9. Reduced legal costs from fraud, malpractice, workers comp, and auto insurance. Fraud from providers billing multiple payers for the same service or the same hours of work would be eliminated, and other types of fraud would be easier to detect. Because MHP would cover all medical treatments resulting from workers comp and auto accidents, there would be no reason to litigate to receive care. Malpractice premiums would go down through the plan’s self insurance and, again, because all medical treatment is covered under the plan.
10. Reduced healthcare expenses from increased patient/doctor decision-making. Leaving care decisions to patients and doctors does not lead to more expensive care as is commonly assumed, but frequently leads to decisions not to undergo treatment or to use less expensive alternatives. Doctor/patient conversations about end-of-life treatment and advance directives avoid costly treatments unwanted by the patient. Also, doctors will not waste time and money changing multiple prescriptions because the drugs the patients were using are not on their new health plan's formulary.
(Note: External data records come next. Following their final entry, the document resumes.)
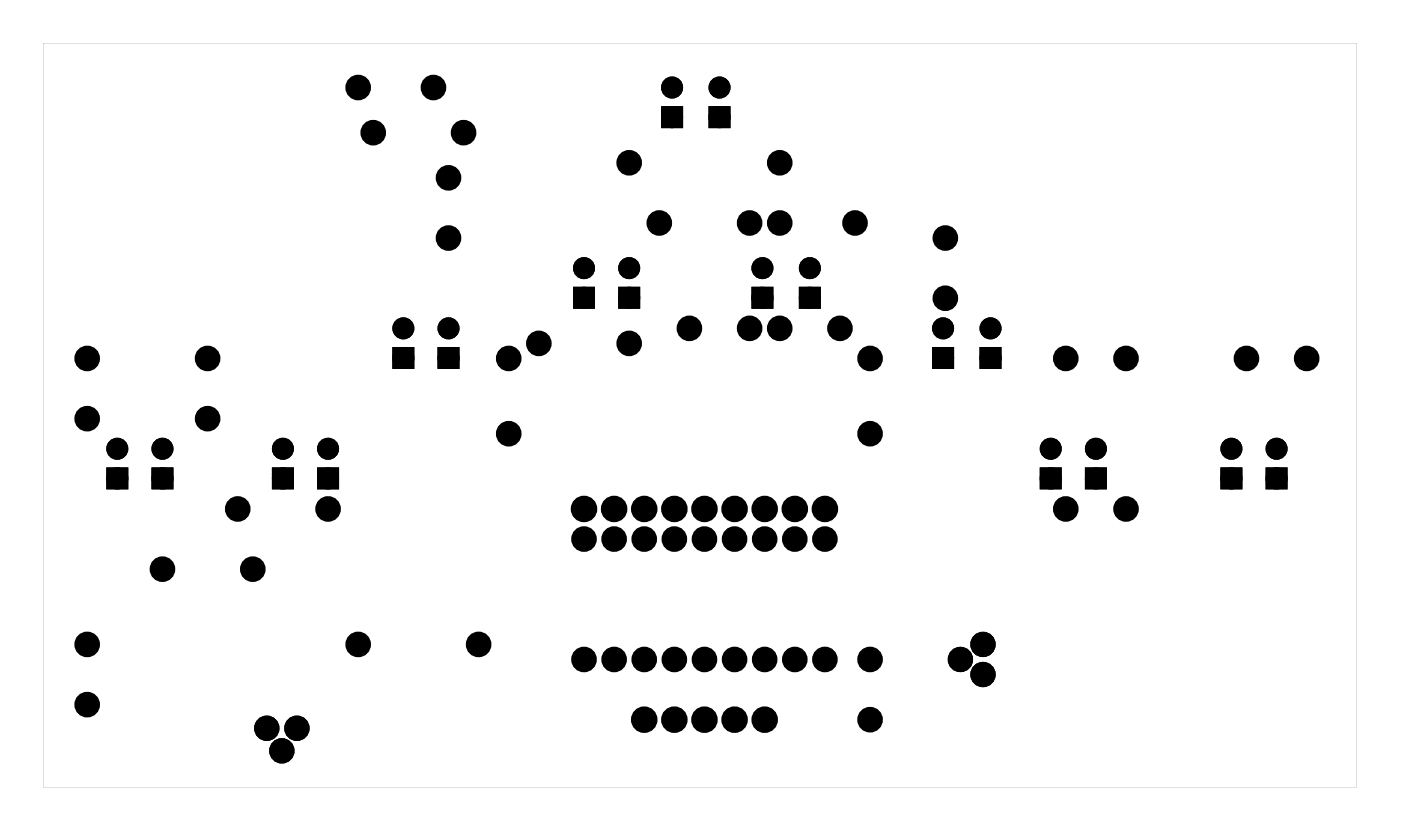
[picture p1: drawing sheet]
<svg xmlns="http://www.w3.org/2000/svg" width="118mm" height="70mm" viewBox="0 0 118 70" stroke-linecap="round" stroke-linejoin="round" font-family="sans-serif">
<g fill="#000">
<path d="M56.1 9.3h1.2v1.2h-1.2zM60.1 9.3h1.2v1.2h-1.2zM9.3 39.8h1.2v1.2h-1.2zM13.1 39.8h1.2v1.2h-1.2zM23.3 39.8h1.2v1.2h-1.2zM27.1 39.8h1.2v1.2h-1.2zM33.4 29.6h1.2v1.2h-1.2zM37.2 29.6h1.2v1.2h-1.2zM48.7 24.5h1.2v1.2h-1.2zM52.5 24.5h1.2v1.2h-1.2zM63.7 24.5h1.2v1.2h-1.2zM67.7 24.5h1.2v1.2h-1.2z"/>
<path d="M79 29.6h1.2v1.2h-1.2zM83 29.6h1.2v1.2h-1.2zM88 39.8h1.2v1.2h-1.2zM91.8 39.8h1.2v1.2h-1.2zM103.3 39.8h1.2v1.2h-1.2zM107.1 39.8h1.2v1.2h-1.2z"/>
<path d="M3.6 3.6h110.8v62.8h-110.8zM3.6 3.6v62.8h110.8v-62.8z"/>
</g>
<g fill="#000">
<circle cx="30.2" cy="7.4" r=".7"/>
<circle cx="31.5" cy="11.2" r=".7"/>
<circle cx="36.6" cy="7.4" r=".7"/>
<circle cx="37.8" cy="15" r=".7"/>
<circle cx="39.1" cy="11.2" r=".7"/>
<circle cx="53.1" cy="13.7" r=".7"/>
<circle cx="55.6" cy="18.8" r=".7"/>
<circle cx="56.7" cy="7.4" r=".6"/>
<circle cx="56.7" cy="9.9" r=".6"/>
<circle cx="60.7" cy="7.4" r=".6"/>
<circle cx="60.7" cy="9.9" r=".6"/>
<circle cx="63.2" cy="18.8" r=".7"/>
<circle cx="65.8" cy="13.7" r=".7"/>
<circle cx="65.8" cy="18.8" r=".7"/>
<circle cx="72.1" cy="18.8" r=".7"/>
<circle cx="7.4" cy="35.3" r=".7"/>
<circle cx="7.4" cy="30.2" r=".7"/>
<circle cx="9.9" cy="37.9" r=".6"/>
<circle cx="13.7" cy="37.9" r=".6"/>
<circle cx="17.5" cy="35.3" r=".7"/>
<circle cx="17.5" cy="30.2" r=".7"/>
<circle cx="23.9" cy="37.9" r=".6"/>
<circle cx="27.7" cy="37.9" r=".6"/>
<circle cx="34" cy="27.7" r=".6"/>
<circle cx="34" cy="30.2" r=".6"/>
<circle cx="37.8" cy="20.1" r=".7"/>
<circle cx="37.8" cy="27.7" r=".6"/>
<circle cx="37.8" cy="30.2" r=".6"/>
<circle cx="42.9" cy="36.6" r=".7"/>
<circle cx="42.9" cy="30.2" r=".7"/>
<circle cx="45.5" cy="29" r=".7"/>
<circle cx="49.3" cy="22.6" r=".6"/>
<circle cx="49.3" cy="25.1" r=".6"/>
<circle cx="53.1" cy="29" r=".7"/>
<circle cx="53.1" cy="22.6" r=".6"/>
<circle cx="53.1" cy="25.1" r=".6"/>
<circle cx="58.2" cy="27.7" r=".7"/>
<circle cx="63.2" cy="27.7" r=".7"/>
<circle cx="64.3" cy="22.6" r=".6"/>
<circle cx="64.3" cy="25.1" r=".6"/>
<circle cx="65.8" cy="27.7" r=".7"/>
<circle cx="68.3" cy="22.6" r=".6"/>
<circle cx="68.3" cy="25.1" r=".6"/>
<circle cx="70.9" cy="27.7" r=".7"/>
<circle cx="73.4" cy="36.6" r=".7"/>
<circle cx="73.4" cy="30.2" r=".7"/>
<circle cx="79.6" cy="27.7" r=".6"/>
<circle cx="79.6" cy="30.2" r=".6"/>
<circle cx="79.7" cy="25.2" r=".7"/>
<circle cx="79.7" cy="20.1" r=".7"/>
<circle cx="83.6" cy="27.7" r=".6"/>
<circle cx="83.6" cy="30.2" r=".6"/>
<circle cx="88.6" cy="37.9" r=".6"/>
<circle cx="89.9" cy="30.2" r=".7"/>
<circle cx="92.4" cy="37.9" r=".6"/>
<circle cx="95" cy="30.2" r=".7"/>
<circle cx="103.9" cy="37.9" r=".6"/>
<circle cx="105.1" cy="30.2" r=".7"/>
<circle cx="107.7" cy="37.9" r=".6"/>
<circle cx="110.2" cy="30.2" r=".7"/>
<circle cx="7.4" cy="59.5" r=".7"/>
<circle cx="7.4" cy="54.4" r=".7"/>
<circle cx="9.9" cy="40.4" r=".6"/>
<circle cx="13.7" cy="48" r=".7"/>
<circle cx="13.7" cy="40.4" r=".6"/>
<circle cx="20.1" cy="42.9" r=".7"/>
<circle cx="21.3" cy="48" r=".7"/>
<circle cx="23.9" cy="40.4" r=".6"/>
<circle cx="27.7" cy="42.9" r=".7"/>
<circle cx="27.7" cy="40.4" r=".6"/>
<circle cx="30.2" cy="54.4" r=".7"/>
<circle cx="40.4" cy="54.4" r=".7"/>
<circle cx="49.3" cy="55.6" r=".7"/>
<circle cx="49.3" cy="45.5" r=".7"/>
<circle cx="49.3" cy="42.9" r=".74"/>
<circle cx="51.8" cy="55.6" r=".7"/>
<circle cx="51.8" cy="45.5" r=".7"/>
<circle cx="51.8" cy="42.9" r=".74"/>
<circle cx="54.3" cy="55.6" r=".7"/>
<circle cx="54.3" cy="45.5" r=".7"/>
<circle cx="54.3" cy="42.9" r=".74"/>
<circle cx="56.9" cy="55.6" r=".7"/>
<circle cx="56.9" cy="45.5" r=".7"/>
<circle cx="56.9" cy="42.9" r=".74"/>
<circle cx="59.4" cy="55.6" r=".7"/>
<circle cx="59.4" cy="45.5" r=".7"/>
<circle cx="59.4" cy="42.9" r=".74"/>
<circle cx="62" cy="55.6" r=".7"/>
<circle cx="62" cy="45.5" r=".7"/>
<circle cx="62" cy="42.9" r=".74"/>
<circle cx="64.5" cy="55.6" r=".7"/>
<circle cx="64.5" cy="45.5" r=".7"/>
<circle cx="64.5" cy="42.9" r=".74"/>
<circle cx="67" cy="55.6" r=".7"/>
<circle cx="67" cy="45.5" r=".7"/>
<circle cx="67" cy="42.9" r=".74"/>
<circle cx="69.6" cy="55.6" r=".7"/>
<circle cx="69.6" cy="45.5" r=".7"/>
<circle cx="69.6" cy="42.9" r=".74"/>
<circle cx="73.4" cy="55.6" r=".7"/>
<circle cx="81" cy="55.6" r=".67"/>
<circle cx="82.9" cy="54.4" r=".67"/>
<circle cx="82.9" cy="56.9" r=".67"/>
<circle cx="88.6" cy="40.4" r=".6"/>
<circle cx="89.9" cy="42.9" r=".7"/>
<circle cx="92.4" cy="40.4" r=".6"/>
<circle cx="95" cy="42.9" r=".7"/>
<circle cx="103.9" cy="40.4" r=".6"/>
<circle cx="107.7" cy="40.4" r=".6"/>
<circle cx="22.5" cy="61.4" r=".67"/>
<circle cx="23.8" cy="63.4" r=".67"/>
<circle cx="25" cy="61.4" r=".67"/>
<circle cx="54.3" cy="60.7" r=".74"/>
<circle cx="56.9" cy="60.7" r=".74"/>
<circle cx="59.4" cy="60.7" r=".74"/>
<circle cx="62" cy="60.7" r=".74"/>
<circle cx="64.5" cy="60.7" r=".74"/>
<circle cx="73.4" cy="60.7" r=".7"/>
</g>
<g fill="none" stroke="#000" stroke-width=".65" stroke-linecap="butt">
<path d="M56.1 9.3h1.2v1.2h-1.2zM60.1 9.3h1.2v1.2h-1.2zM9.3 39.8h1.2v1.2h-1.2zM13.1 39.8h1.2v1.2h-1.2zM23.3 39.8h1.2v1.2h-1.2zM27.1 39.8h1.2v1.2h-1.2zM33.4 29.6h1.2v1.2h-1.2zM37.2 29.6h1.2v1.2h-1.2zM48.7 24.5h1.2v1.2h-1.2zM52.5 24.5h1.2v1.2h-1.2zM63.7 24.5h1.2v1.2h-1.2zM67.7 24.5h1.2v1.2h-1.2z"/>
<path d="M79 29.6h1.2v1.2h-1.2zM83 29.6h1.2v1.2h-1.2zM88 39.8h1.2v1.2h-1.2zM91.8 39.8h1.2v1.2h-1.2zM103.3 39.8h1.2v1.2h-1.2zM107.1 39.8h1.2v1.2h-1.2z"/>
<circle cx="56.7" cy="7.4" r=".6"/>
<circle cx="56.7" cy="9.9" r=".6"/>
<circle cx="60.7" cy="7.4" r=".6"/>
<circle cx="60.7" cy="9.9" r=".6"/>
<circle cx="9.9" cy="37.9" r=".6"/>
<circle cx="13.7" cy="37.9" r=".6"/>
<circle cx="23.9" cy="37.9" r=".6"/>
<circle cx="27.7" cy="37.9" r=".6"/>
<circle cx="34" cy="27.7" r=".6"/>
<circle cx="34" cy="30.2" r=".6"/>
<circle cx="37.8" cy="27.7" r=".6"/>
<circle cx="37.8" cy="30.2" r=".6"/>
<circle cx="49.3" cy="22.6" r=".6"/>
<circle cx="49.3" cy="25.1" r=".6"/>
<circle cx="53.1" cy="22.6" r=".6"/>
<circle cx="53.1" cy="25.1" r=".6"/>
<circle cx="64.3" cy="22.6" r=".6"/>
<circle cx="64.3" cy="25.1" r=".6"/>
<circle cx="68.3" cy="22.6" r=".6"/>
<circle cx="68.3" cy="25.1" r=".6"/>
<circle cx="79.6" cy="27.7" r=".6"/>
<circle cx="79.6" cy="30.2" r=".6"/>
<circle cx="83.6" cy="27.7" r=".6"/>
<circle cx="83.6" cy="30.2" r=".6"/>
<circle cx="88.6" cy="37.9" r=".6"/>
<circle cx="92.4" cy="37.9" r=".6"/>
<circle cx="103.9" cy="37.9" r=".6"/>
<circle cx="107.7" cy="37.9" r=".6"/>
<circle cx="9.9" cy="40.4" r=".6"/>
<circle cx="13.7" cy="40.4" r=".6"/>
<circle cx="23.9" cy="40.4" r=".6"/>
<circle cx="27.7" cy="40.4" r=".6"/>
<circle cx="88.6" cy="40.4" r=".6"/>
<circle cx="92.4" cy="40.4" r=".6"/>
<circle cx="103.9" cy="40.4" r=".6"/>
<circle cx="107.7" cy="40.4" r=".6"/>
</g>
<g fill="none" stroke="#000" stroke-width=".76" stroke-linecap="butt">
<circle cx="30.2" cy="7.4" r=".7"/>
<circle cx="31.5" cy="11.2" r=".7"/>
<circle cx="36.6" cy="7.4" r=".7"/>
<circle cx="37.8" cy="15" r=".7"/>
<circle cx="39.1" cy="11.2" r=".7"/>
<circle cx="53.1" cy="13.7" r=".7"/>
<circle cx="55.6" cy="18.8" r=".7"/>
<circle cx="63.2" cy="18.8" r=".7"/>
<circle cx="65.8" cy="13.7" r=".7"/>
<circle cx="65.8" cy="18.8" r=".7"/>
<circle cx="72.1" cy="18.8" r=".7"/>
<circle cx="7.4" cy="35.3" r=".7"/>
<circle cx="7.4" cy="30.2" r=".7"/>
<circle cx="17.5" cy="35.3" r=".7"/>
<circle cx="17.5" cy="30.2" r=".7"/>
<circle cx="37.8" cy="20.1" r=".7"/>
<circle cx="42.9" cy="36.6" r=".7"/>
<circle cx="42.9" cy="30.2" r=".7"/>
<circle cx="45.5" cy="29" r=".7"/>
<circle cx="53.1" cy="29" r=".7"/>
<circle cx="58.2" cy="27.7" r=".7"/>
<circle cx="63.2" cy="27.7" r=".7"/>
<circle cx="65.8" cy="27.7" r=".7"/>
<circle cx="70.9" cy="27.7" r=".7"/>
<circle cx="73.4" cy="36.6" r=".7"/>
<circle cx="73.4" cy="30.2" r=".7"/>
<circle cx="79.7" cy="25.2" r=".7"/>
<circle cx="79.7" cy="20.1" r=".7"/>
<circle cx="89.9" cy="30.2" r=".7"/>
<circle cx="95" cy="30.2" r=".7"/>
<circle cx="105.1" cy="30.2" r=".7"/>
<circle cx="110.2" cy="30.2" r=".7"/>
<circle cx="7.4" cy="59.5" r=".7"/>
<circle cx="7.4" cy="54.4" r=".7"/>
<circle cx="13.7" cy="48" r=".7"/>
<circle cx="20.1" cy="42.9" r=".7"/>
<circle cx="21.3" cy="48" r=".7"/>
<circle cx="27.7" cy="42.9" r=".7"/>
<circle cx="30.2" cy="54.4" r=".7"/>
<circle cx="40.4" cy="54.4" r=".7"/>
<circle cx="49.3" cy="45.5" r=".7"/>
<circle cx="49.3" cy="55.6" r=".7"/>
<circle cx="49.3" cy="42.9" r=".74"/>
<circle cx="51.8" cy="45.5" r=".7"/>
<circle cx="51.8" cy="55.6" r=".7"/>
<circle cx="51.8" cy="42.9" r=".74"/>
<circle cx="54.3" cy="45.5" r=".7"/>
<circle cx="54.3" cy="55.6" r=".7"/>
<circle cx="54.3" cy="42.9" r=".74"/>
<circle cx="56.9" cy="45.5" r=".7"/>
<circle cx="56.9" cy="55.6" r=".7"/>
<circle cx="56.9" cy="42.9" r=".74"/>
<circle cx="59.4" cy="45.5" r=".7"/>
<circle cx="59.4" cy="55.6" r=".7"/>
<circle cx="59.4" cy="42.9" r=".74"/>
<circle cx="62" cy="45.5" r=".7"/>
<circle cx="62" cy="55.6" r=".7"/>
<circle cx="62" cy="42.9" r=".74"/>
<circle cx="64.5" cy="42.9" r=".74"/>
<circle cx="64.5" cy="45.5" r=".7"/>
<circle cx="64.5" cy="55.6" r=".7"/>
<circle cx="67" cy="45.5" r=".7"/>
<circle cx="67" cy="55.6" r=".7"/>
<circle cx="67" cy="42.9" r=".74"/>
<circle cx="69.6" cy="45.5" r=".7"/>
<circle cx="69.6" cy="55.6" r=".7"/>
<circle cx="69.6" cy="42.9" r=".74"/>
<circle cx="73.4" cy="55.6" r=".7"/>
<circle cx="89.9" cy="42.9" r=".7"/>
<circle cx="95" cy="42.9" r=".7"/>
<circle cx="54.3" cy="60.7" r=".74"/>
<circle cx="56.9" cy="60.7" r=".74"/>
<circle cx="59.4" cy="60.7" r=".74"/>
<circle cx="62" cy="60.7" r=".74"/>
<circle cx="64.5" cy="60.7" r=".74"/>
<circle cx="73.4" cy="60.7" r=".7"/>
</g>
<g fill="none" stroke="#000" stroke-width=".79" stroke-linecap="butt">
<circle cx="81" cy="55.6" r=".67"/>
<circle cx="82.9" cy="56.9" r=".67"/>
<circle cx="82.9" cy="54.4" r=".67"/>
<circle cx="22.5" cy="61.4" r=".67"/>
<circle cx="23.8" cy="63.4" r=".67"/>
<circle cx="25" cy="61.4" r=".67"/>
</g>
</svg>

11. Elimination of harmful financial relationships within the health care industry. This includes ending direct-to-consumer marketing of pharmaceuticals and conflicts of interest where doctors have financial incentives to order treatment at facilities they have a financial stake in.
12. Retraining of insurance and health care administration workers. While there would be massive savings from the many changes listed above, there would be start up costs for the MHP, including retraining and unemployment costs for administrative workers whose positions are no longer necessary under MHP.